Alguns treinadores têm atitudes pouco dignificantes e o Conselho de Disciplina da Federação Portuguesa de Futebol aplica sanções e multas, no mínimo, ridículas. A lei é branda e quem decide, decide quase sempre por defeito. Basta ver o exemplo inglês para se perceber que o futebol cá do burgo não se dá ao respeito. O regulamento disciplinar é claro no artigo Artigo 140.º com a epígrafe ‘Protestos contra a equipa de arbitragem’:  «1 – Os treinadores e auxiliares técnicos que, por ocasião dos jogos oficiais, protestarem ou adotarem atitude incorreta para com os elementos da equipa de arbitragem são punidos com a sanção de suspensão a fixar entre o mínimo de oito dias e o máximo de três meses e, acessoriamente, com a sanção de multa de montante a fixar entre o mínimo de 5 UC e o máximo de 15 UC; 2 – Em caso de reincidência, os limites mínimo e máximo da sanção acessória de multa são elevados para o dobro».   

Uma vez que as sanções e as multas são quase sempre a brincar, os treinadores têm via aberta para dizer e fazer o que lhes passa pela cabeça durante o jogo e no pós-jogo e têm comportamentos e uma linguagem ofensiva que envergonham qualquer pessoa. Além dos títulos que conquistou no FC Porto, Sérgio Conceição merece também a medalha de mau comportamento. Quando disse que «está habituado ao lixo do futebol português», só pode estar a pensar nas suas repetidas atitudes para com árbitros e colegas de profissão, no que é acompanhado pelo administrador da SAD Luís Gonçalves. Se há alguém que não tem moral para falar assim é Sérgio Conceição. Nos dez anos que leva como treinador principal foi expulso 23 vezes e como técnico do FC Porto foi expulso 13 vezes – só esta temporada foram quatro expulsões. Será que está convicto de que é o dono da razão e que o mundo está inteirinho contra ele?   

Nas últimas semanas, o discurso endureceu e sucederam-se episódios vergonhosos para justificar alguns falhanços desportivos. Desde gestos para outros treinadores que dão origem a várias leituras, até acesas discussões com árbitros durante e no final dos jogos, com muito vernáculo e ofensas à mistura, tem valido tudo. E nem um pedido de desculpa. Em Espanha, também há casos menos recomendáveis, mas com outro desfecho. Recentemente, Fernando Torres (Atlético de Madrid) e Arbeloa (Real Madrid) trocaram insultos num jogo de juvenis. No final, Fernando Torres disse que ficou envergonhado e que não se revê naquele comportamento. Os protagonistas portugueses não têm vergonha de nada e muito menos estão dispostos a mudar de atitude porque o ‘crime’ compensa.   

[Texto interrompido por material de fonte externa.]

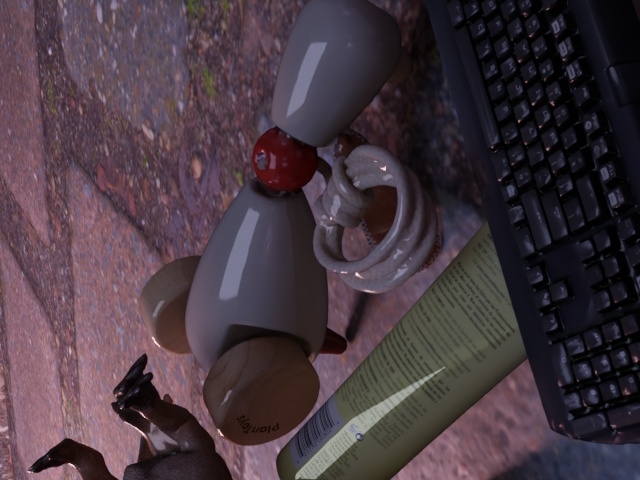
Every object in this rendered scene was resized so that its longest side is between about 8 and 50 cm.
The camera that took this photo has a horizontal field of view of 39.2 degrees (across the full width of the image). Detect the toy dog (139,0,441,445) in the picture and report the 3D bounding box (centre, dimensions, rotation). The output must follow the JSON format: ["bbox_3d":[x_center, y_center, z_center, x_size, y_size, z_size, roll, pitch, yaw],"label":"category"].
[{"bbox_3d":[0.000,0.000,0.663,0.334,0.161,0.220,-47,54,38],"label":"toy dog"}]

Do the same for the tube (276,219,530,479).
[{"bbox_3d":[0.070,0.074,0.539,0.070,0.062,0.240,40,107,-2],"label":"tube"}]

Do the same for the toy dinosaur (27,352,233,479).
[{"bbox_3d":[-0.083,0.191,0.585,0.200,0.127,0.295,44,170,-11],"label":"toy dinosaur"}]

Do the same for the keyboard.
[{"bbox_3d":[0.138,-0.068,0.434,0.201,0.033,0.317,-34,64,50],"label":"keyboard"}]

As tristes figuras protagonizadas por Sérgio Conceição e pelo adjunto do Casa Pia, Vasco Matos, no Estádio do Dragão, são o exemplo mais recente do ambiente que se vive no escalão principal. O Conselho de Disciplina instaurou um processo disciplinar aos dois treinadores, mas, se continuar a considerar que são tudo bons rapazes, então, o futebol português não sai do mesmo lamaçal. Da última vez que viu o cartão vermelho num jogo da primeira liga por dito ao árbitro Fábio Veríssimo «És fraco», Sérgio Conceição apanhou um jogo de suspensão e foi multado em 4.080 euros. Que pensará Jürgen Klopp disto tudo?